[Problem requirements]:
Where a line contains "A: The image shows 28 bottles.", begin there and restate word for word every line to the end of the entries below, pictures excluded.

(Records drawn from a dataset)
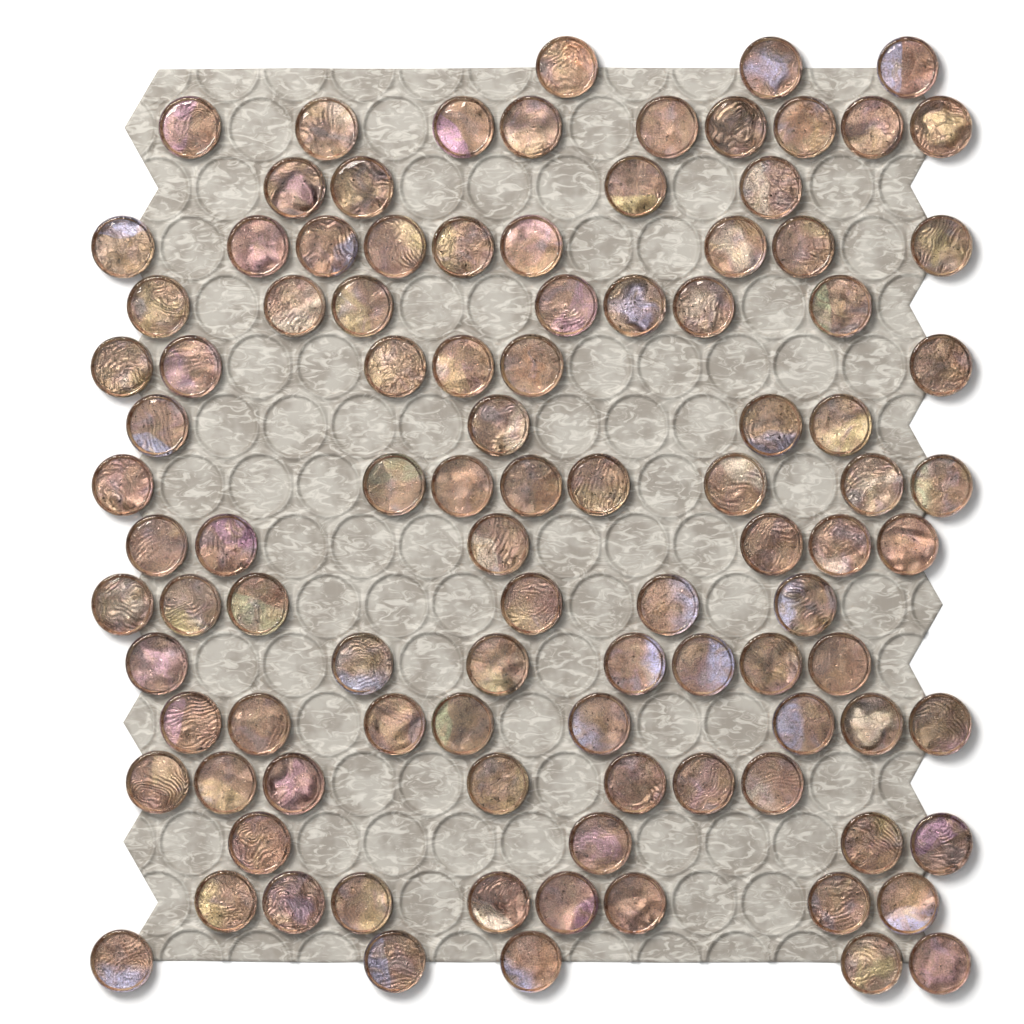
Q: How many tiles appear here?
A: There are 101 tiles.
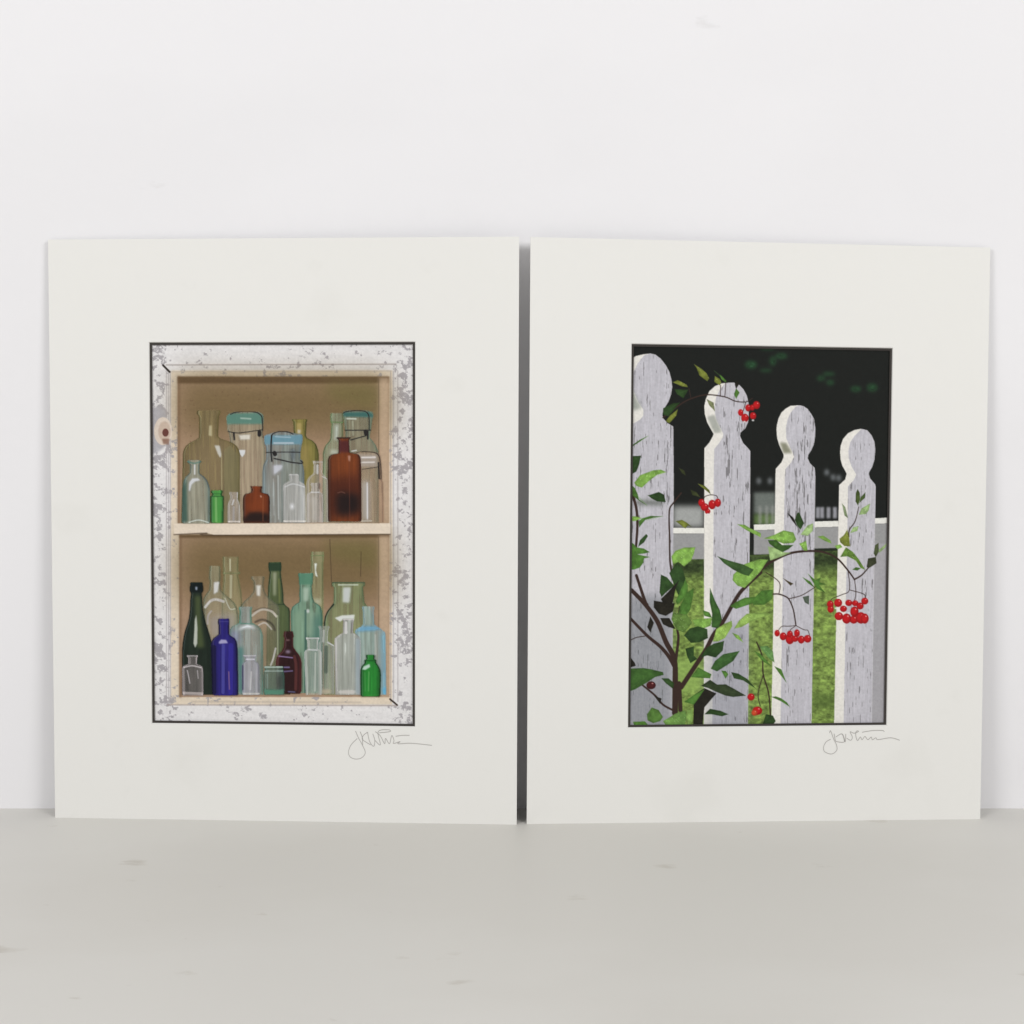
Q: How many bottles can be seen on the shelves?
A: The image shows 28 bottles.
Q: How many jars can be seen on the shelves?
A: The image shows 6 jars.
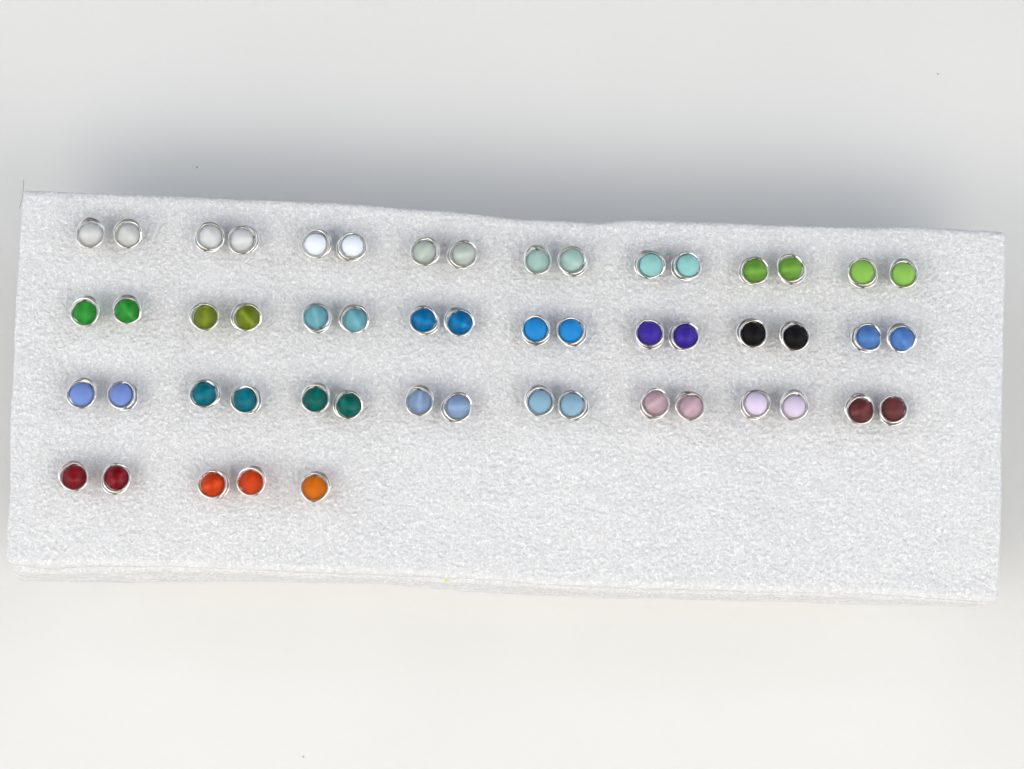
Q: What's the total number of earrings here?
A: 53

[Solution for this problem]:
A: The image shows 28 bottles.
Q: How many jars can be seen on the shelves?
A: The image shows 6 jars.
Q: What's the total number of earrings here?
A: 53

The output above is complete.